The security properties of your encrypted secrets are entirely determined by how SOPS is configured and what keys you use. Keyseal does not change or validate SOPS's encryption choices. A production server with Keyseal, encrypted files, and the age private key can decrypt secrets even without external sops or age binaries. Servers need the age key, not the age CLI.

The temporary plaintext file during add

When keyseal add encrypts a new secret, it writes the plaintext starter document to a temporary file (keyseal-plaintext-*.yaml) in the OS temp directory, with mode 0600. This is the only time plaintext exists on disk during the add flow. The file is removed via defer os.Remove(tempPath) immediately after SOPS reads it.

On most systems os.TempDir() is /tmp, which is on a local filesystem. On Linux with tmpfs, this is in memory. On macOS it is typically under /var/folders/... on disk.

If the process is killed between writing the temp file and removing it, the plaintext temp file may persist. It will be world-accessible by root and readable only by the owning user (mode 0600). The file name includes a random suffix. This is a narrow window but it is worth knowing about.

Rendered output files

keyseal render --out <path> writes decrypted secret values to a file. Once that file exists, it is a plaintext copy of your secrets. The default mode is 0600 (owner-readable only). Doctor warns if the configured default mode has group or world bits.

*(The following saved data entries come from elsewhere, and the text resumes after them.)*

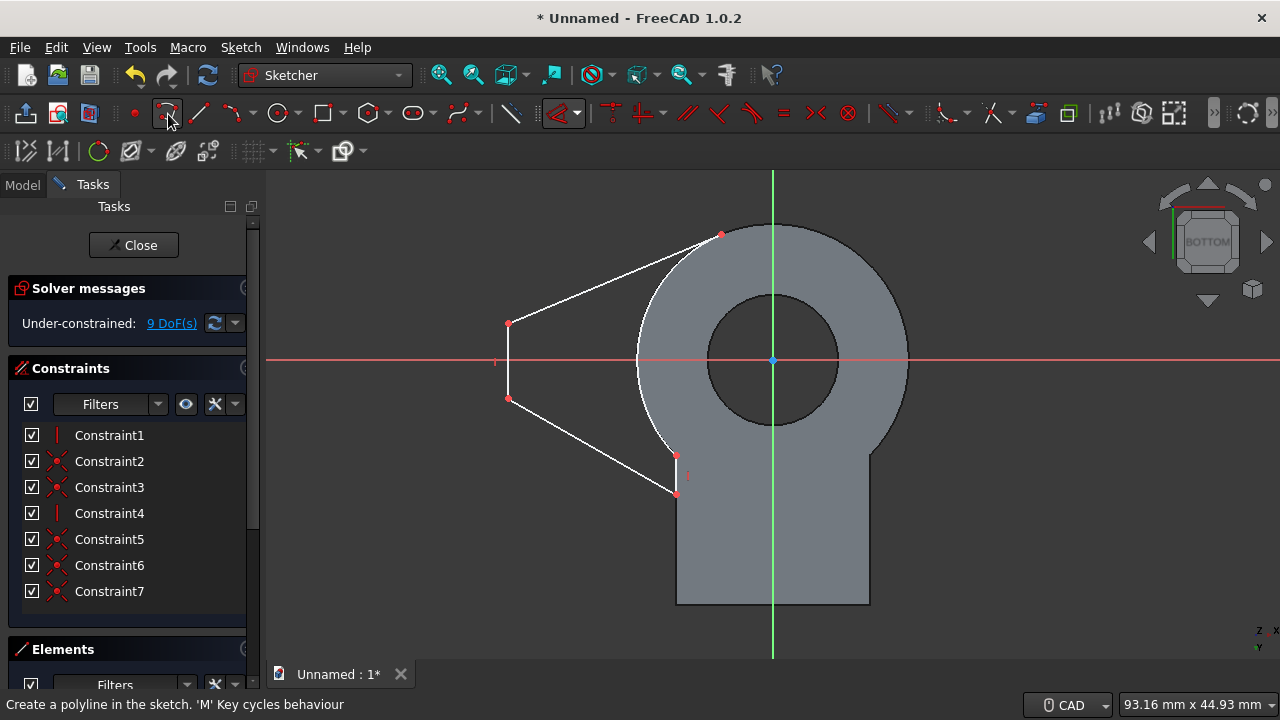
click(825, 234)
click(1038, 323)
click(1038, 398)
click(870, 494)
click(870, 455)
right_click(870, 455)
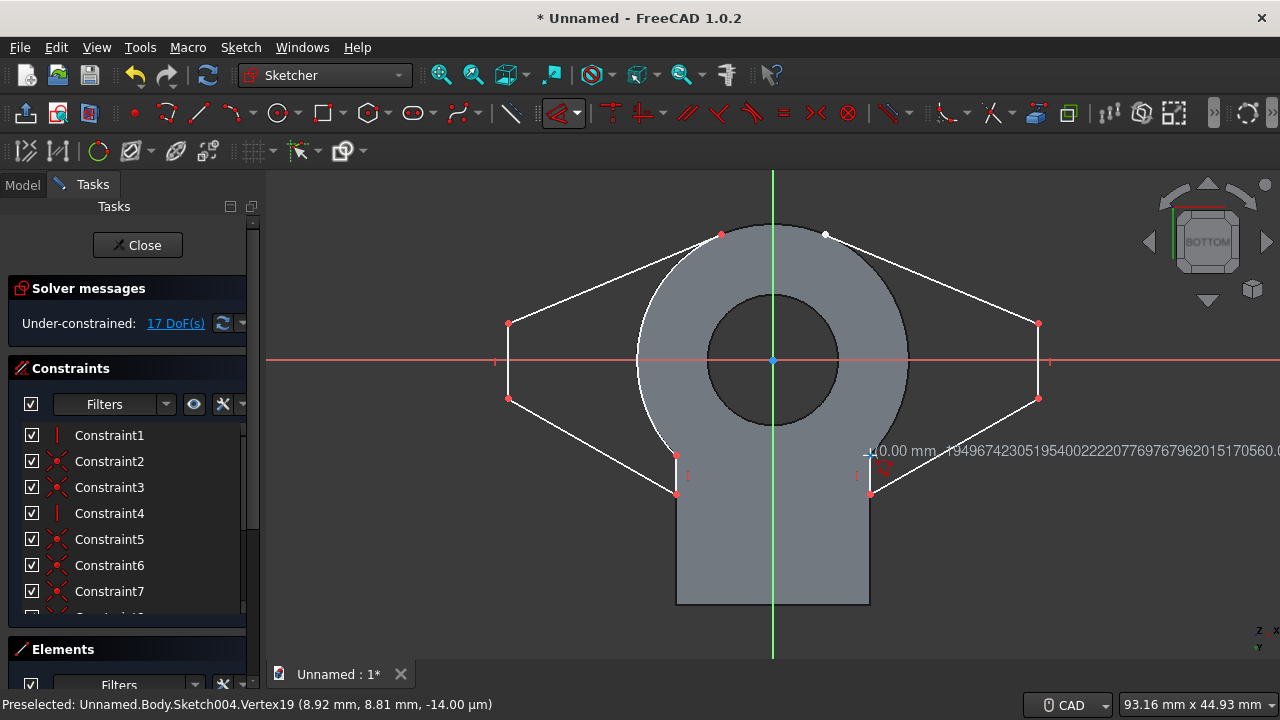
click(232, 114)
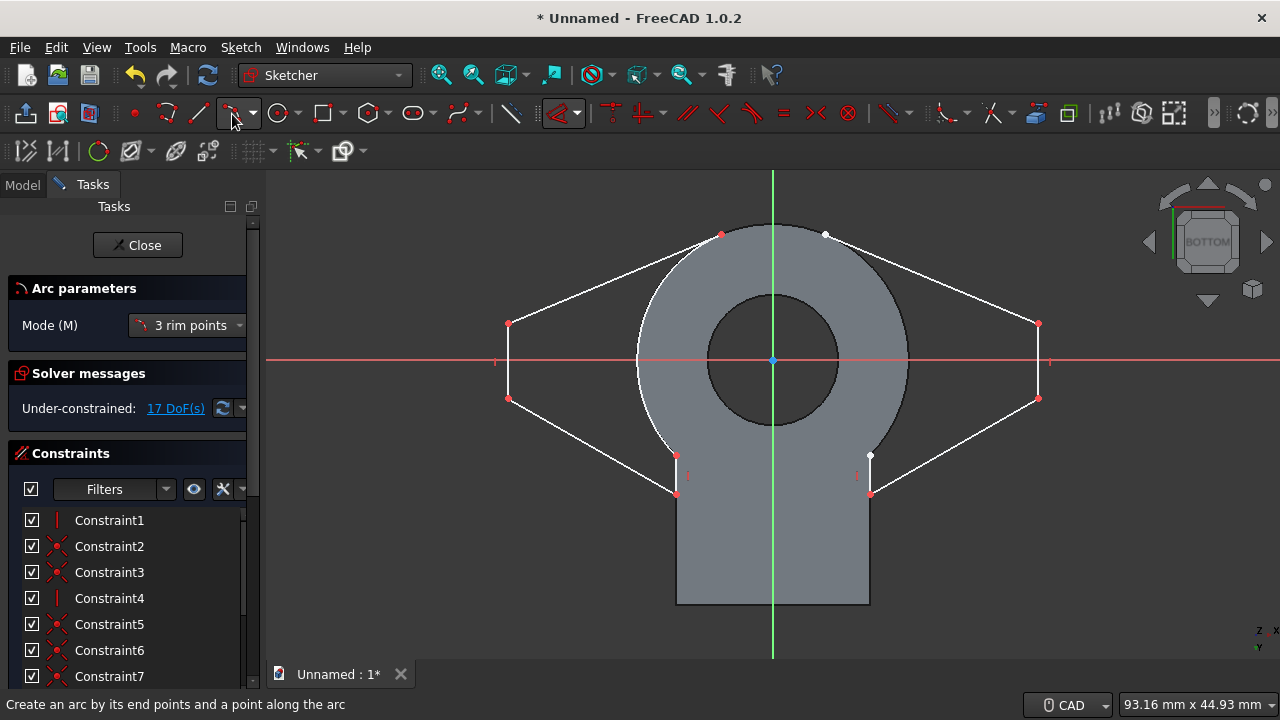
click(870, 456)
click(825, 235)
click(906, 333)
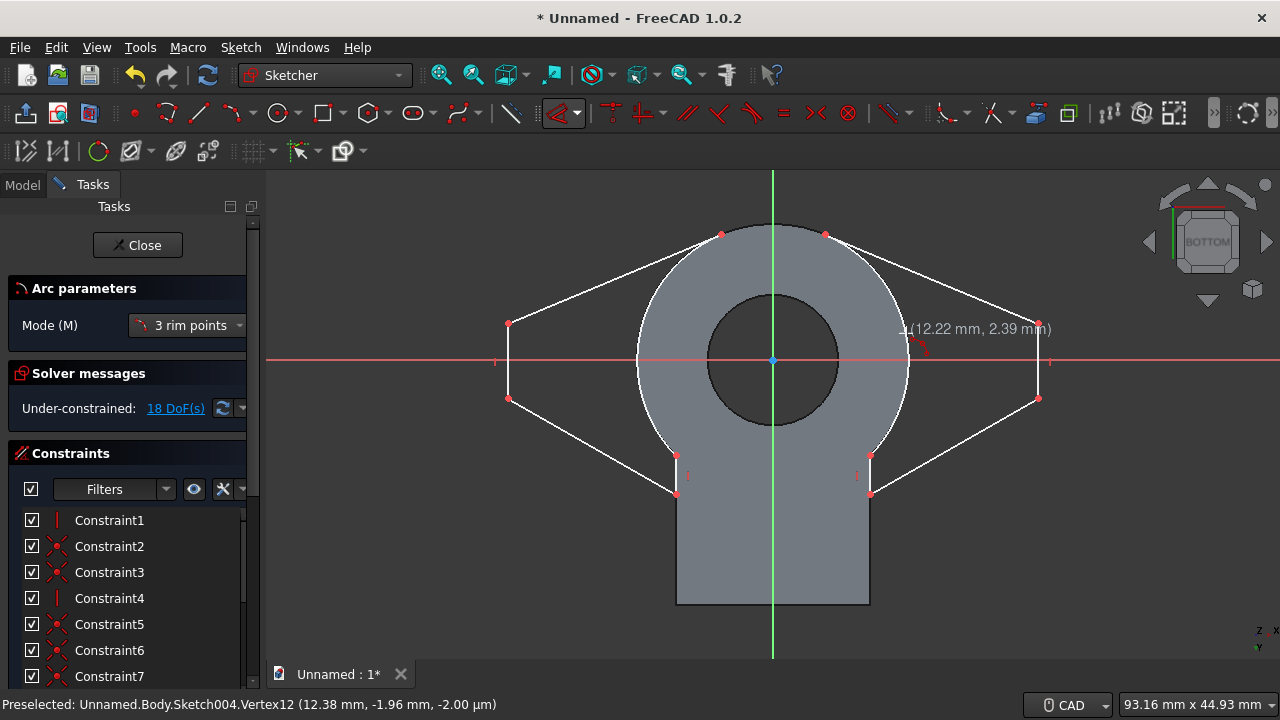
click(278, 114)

Rendered files should not be committed to the repository. Keep them in /run/secrets/ or equivalent memory-backed paths on production systems. Avoid writing them to directories that are synced, backed up, or otherwise persisted beyond the lifetime of the process that needs them.

exec does not write files

keyseal exec injects secrets as environment variables into a subprocess. The values exist in the subprocess's environment but are not written to any file. On Linux, /proc/<pid>/environ exposes a process's environment to root and to the process owner - this is a standard OS behavior, not a Keyseal-specific exposure.

Repo hygiene

Git history is permanent. If a plaintext secret is ever committed - even in a commit that is later reverted - it remains in the repository's history. Doctor's plaintext detection (schema.ParseYAMLDocument succeeds + no SOPS metadata) helps catch this before it happens, but it only works for files currently on disk. It does not scan Git history.

keyseal rollback restores a historical encrypted file into the working tree, but it does not rewrite history or remove a bad commit from the repository. If the problem was a plaintext commit, rollback is not enough on its own.

If you suspect a plaintext commit has occurred, rotate the credentials, re-encrypt with new values, and consider whether a history rewrite is necessary for your threat model.

Doctor also checks that placeholder recipients are not used in .sops.yaml. Encrypting with placeholder recipients produces ciphertext that cannot be decrypted - the data is effectively lost, not protected.

Plaintext mode in render

render --out with --force allows writing to a file with permissive modes (e.g. 0644). This is an override for environments where group-readable secrets are acceptable (e.g. a container with a shared group). Use it deliberately. The check exists because group-readable rendered files are a common misconfiguration.

Scope

Keyseal is appropriate for teams that want structured, encrypted, version-controlled secrets with no additional infrastructure. If your requirements include access control, dynamic credentials, audit logs, or secret rotation, a dedicated secrets platform is the right choice. Those systems solve different problems.